In this testcase the kernel k1 is surrounded by buffers and DDR on both sides:
The data coming from the DDR is directly copied on the buffer. The latter is copied to the output buffer. The DMA in the shim will take the data stream from the output buffer and copies it to the external memory in a transpose way.

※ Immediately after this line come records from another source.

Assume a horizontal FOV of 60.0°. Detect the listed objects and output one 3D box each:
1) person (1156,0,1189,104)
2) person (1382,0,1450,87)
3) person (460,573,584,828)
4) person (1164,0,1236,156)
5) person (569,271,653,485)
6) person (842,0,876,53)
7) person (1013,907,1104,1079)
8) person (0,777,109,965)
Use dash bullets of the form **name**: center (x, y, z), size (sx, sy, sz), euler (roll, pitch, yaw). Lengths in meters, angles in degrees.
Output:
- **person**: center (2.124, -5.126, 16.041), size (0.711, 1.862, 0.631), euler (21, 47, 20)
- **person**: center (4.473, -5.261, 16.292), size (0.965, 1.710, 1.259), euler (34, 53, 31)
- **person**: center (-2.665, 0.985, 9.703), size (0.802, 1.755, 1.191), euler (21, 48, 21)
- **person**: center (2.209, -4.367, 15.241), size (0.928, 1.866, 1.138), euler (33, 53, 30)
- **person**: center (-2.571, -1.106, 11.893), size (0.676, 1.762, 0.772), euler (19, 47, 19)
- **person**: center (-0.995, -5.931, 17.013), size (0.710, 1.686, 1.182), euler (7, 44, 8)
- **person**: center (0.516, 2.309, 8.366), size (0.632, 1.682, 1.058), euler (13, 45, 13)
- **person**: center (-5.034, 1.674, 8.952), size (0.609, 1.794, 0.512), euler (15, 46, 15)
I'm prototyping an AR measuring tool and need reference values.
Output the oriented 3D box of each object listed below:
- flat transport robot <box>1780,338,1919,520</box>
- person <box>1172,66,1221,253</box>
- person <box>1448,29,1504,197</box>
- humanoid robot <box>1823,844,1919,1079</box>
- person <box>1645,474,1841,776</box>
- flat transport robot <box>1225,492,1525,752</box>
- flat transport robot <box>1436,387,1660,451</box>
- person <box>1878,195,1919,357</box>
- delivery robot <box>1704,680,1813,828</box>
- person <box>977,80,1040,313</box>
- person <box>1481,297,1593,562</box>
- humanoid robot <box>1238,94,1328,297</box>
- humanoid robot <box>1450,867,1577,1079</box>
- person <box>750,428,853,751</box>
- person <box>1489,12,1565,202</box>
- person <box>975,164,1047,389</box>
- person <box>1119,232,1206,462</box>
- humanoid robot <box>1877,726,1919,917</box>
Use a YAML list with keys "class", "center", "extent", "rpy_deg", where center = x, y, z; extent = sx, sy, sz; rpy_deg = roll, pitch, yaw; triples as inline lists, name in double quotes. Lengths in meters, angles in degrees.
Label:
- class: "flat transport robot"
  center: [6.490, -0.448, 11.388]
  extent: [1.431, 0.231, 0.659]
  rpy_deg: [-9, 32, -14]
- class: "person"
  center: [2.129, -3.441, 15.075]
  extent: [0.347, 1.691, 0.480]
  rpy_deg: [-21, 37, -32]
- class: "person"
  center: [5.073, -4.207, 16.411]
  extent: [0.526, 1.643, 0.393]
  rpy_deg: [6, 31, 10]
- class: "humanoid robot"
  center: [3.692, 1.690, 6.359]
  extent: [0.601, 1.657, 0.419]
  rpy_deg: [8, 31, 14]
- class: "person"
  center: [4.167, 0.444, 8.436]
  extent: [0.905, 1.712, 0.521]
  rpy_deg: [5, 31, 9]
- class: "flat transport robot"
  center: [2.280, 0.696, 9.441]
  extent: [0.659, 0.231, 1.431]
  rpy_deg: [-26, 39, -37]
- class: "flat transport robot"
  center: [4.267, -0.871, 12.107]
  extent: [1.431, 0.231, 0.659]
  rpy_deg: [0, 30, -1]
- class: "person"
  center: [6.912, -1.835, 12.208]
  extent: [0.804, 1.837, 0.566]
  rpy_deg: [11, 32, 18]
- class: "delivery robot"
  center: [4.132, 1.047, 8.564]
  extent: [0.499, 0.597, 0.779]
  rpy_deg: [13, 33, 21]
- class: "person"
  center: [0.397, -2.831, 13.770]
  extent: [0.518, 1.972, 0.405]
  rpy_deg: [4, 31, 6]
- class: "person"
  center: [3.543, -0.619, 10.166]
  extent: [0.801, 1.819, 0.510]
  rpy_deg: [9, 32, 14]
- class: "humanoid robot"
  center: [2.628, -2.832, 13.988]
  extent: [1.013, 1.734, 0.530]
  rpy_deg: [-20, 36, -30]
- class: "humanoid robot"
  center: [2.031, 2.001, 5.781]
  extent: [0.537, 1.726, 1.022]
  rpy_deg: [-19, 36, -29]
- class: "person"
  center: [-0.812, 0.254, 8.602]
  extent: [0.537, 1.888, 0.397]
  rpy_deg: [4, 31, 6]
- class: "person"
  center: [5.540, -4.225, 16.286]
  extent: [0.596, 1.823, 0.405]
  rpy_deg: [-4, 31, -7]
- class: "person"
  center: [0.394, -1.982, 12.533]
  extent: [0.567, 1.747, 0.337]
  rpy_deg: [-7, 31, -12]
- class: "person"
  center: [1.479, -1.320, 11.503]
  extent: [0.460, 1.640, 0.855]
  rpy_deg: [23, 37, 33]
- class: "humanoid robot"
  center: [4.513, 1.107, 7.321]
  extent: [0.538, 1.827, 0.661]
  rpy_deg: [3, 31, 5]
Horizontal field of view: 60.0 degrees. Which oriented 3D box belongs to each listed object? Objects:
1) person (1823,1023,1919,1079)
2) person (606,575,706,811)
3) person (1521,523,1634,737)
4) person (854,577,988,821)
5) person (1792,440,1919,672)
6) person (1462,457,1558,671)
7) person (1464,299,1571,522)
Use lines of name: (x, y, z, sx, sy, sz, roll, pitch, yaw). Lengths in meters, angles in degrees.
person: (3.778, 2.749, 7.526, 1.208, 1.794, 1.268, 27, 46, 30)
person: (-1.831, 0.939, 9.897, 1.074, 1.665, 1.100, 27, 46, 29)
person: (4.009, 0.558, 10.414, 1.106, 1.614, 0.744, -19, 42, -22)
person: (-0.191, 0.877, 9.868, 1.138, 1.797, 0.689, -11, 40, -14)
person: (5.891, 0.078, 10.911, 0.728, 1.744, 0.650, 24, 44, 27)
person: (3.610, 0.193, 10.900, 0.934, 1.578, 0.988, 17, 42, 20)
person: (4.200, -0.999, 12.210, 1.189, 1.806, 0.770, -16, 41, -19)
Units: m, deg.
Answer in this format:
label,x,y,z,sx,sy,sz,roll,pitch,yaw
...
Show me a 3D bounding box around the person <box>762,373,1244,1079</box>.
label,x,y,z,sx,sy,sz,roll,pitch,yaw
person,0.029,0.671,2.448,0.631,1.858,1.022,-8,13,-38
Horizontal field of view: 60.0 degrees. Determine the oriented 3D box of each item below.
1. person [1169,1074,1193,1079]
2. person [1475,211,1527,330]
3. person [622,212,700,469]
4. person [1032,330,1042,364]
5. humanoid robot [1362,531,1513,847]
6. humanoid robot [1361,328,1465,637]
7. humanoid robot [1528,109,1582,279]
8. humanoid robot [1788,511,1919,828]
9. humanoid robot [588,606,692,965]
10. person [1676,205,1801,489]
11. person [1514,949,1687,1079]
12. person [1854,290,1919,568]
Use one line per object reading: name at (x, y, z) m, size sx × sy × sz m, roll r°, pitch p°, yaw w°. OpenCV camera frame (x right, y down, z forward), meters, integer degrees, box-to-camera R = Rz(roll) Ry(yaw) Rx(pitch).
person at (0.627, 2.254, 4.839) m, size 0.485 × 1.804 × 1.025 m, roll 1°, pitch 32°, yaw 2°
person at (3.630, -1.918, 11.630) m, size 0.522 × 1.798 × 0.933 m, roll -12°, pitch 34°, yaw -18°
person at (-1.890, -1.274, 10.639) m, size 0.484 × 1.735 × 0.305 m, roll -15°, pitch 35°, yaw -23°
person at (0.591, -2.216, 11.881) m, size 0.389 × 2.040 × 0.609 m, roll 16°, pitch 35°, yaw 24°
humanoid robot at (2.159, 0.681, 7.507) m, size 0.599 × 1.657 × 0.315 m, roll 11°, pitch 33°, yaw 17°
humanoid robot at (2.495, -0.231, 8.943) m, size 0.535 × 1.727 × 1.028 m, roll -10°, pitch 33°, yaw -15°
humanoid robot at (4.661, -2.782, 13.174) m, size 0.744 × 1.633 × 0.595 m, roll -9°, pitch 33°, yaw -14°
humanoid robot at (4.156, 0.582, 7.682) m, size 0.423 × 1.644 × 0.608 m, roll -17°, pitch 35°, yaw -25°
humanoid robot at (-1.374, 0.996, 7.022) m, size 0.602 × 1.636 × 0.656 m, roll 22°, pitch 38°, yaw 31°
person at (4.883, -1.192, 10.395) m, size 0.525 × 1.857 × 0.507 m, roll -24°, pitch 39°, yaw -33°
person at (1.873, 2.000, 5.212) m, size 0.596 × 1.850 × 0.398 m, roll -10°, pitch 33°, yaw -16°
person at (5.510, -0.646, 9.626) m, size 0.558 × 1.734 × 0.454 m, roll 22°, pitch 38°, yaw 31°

adf::external_buffer<int32> ddrin, ddrout;
Graph1()
{
ddrin = adf::external_buffer<int32>::create({Dim0, Dim1, Dim2 * Dim3}, 0, 1);
ddrout = adf::external_buffer<int32>::create({Dim1, Dim0, Dim2 * Dim3}, 1, 0);
adf::read_access(ddrin.out[0]) = adf::tiling(
{.buffer_dimension = {Dim0, Dim1, Dim2 * Dim3},
.tiling_dimension = {Dim0, Dim1, 1},
.offset = {0, 0, 0},
.tile_traversal = {{.dimension = 2, .stride = 1, .wrap = Dim2*Dim3}}});
adf::write_access(ddrout.in[0]) = adf::tiling(
{.buffer_dimension = {Dim1, Dim0, Dim2 * Dim3},
.tiling_dimension = {1, Dim0, 1},
.offset = {0, 0, 0},
.tile_traversal = {
{.dimension = 0, .stride = 1, .wrap = Dim1},
{.dimension = 2, .stride = 1, .wrap = Dim2 * Dim3}}});
k1 = adf::kernel::create(passthrough_buffer<Dim0 * Dim1, 8>); // 64 pixels per tile
...
}
The kernel accepts 64 samples per run. The input DDR sends 2 x 64 samples per iterations, which means that the kernel will be run 2 times per iteration. The output DDR receives 128 samples per iteration but organized in a transposed way.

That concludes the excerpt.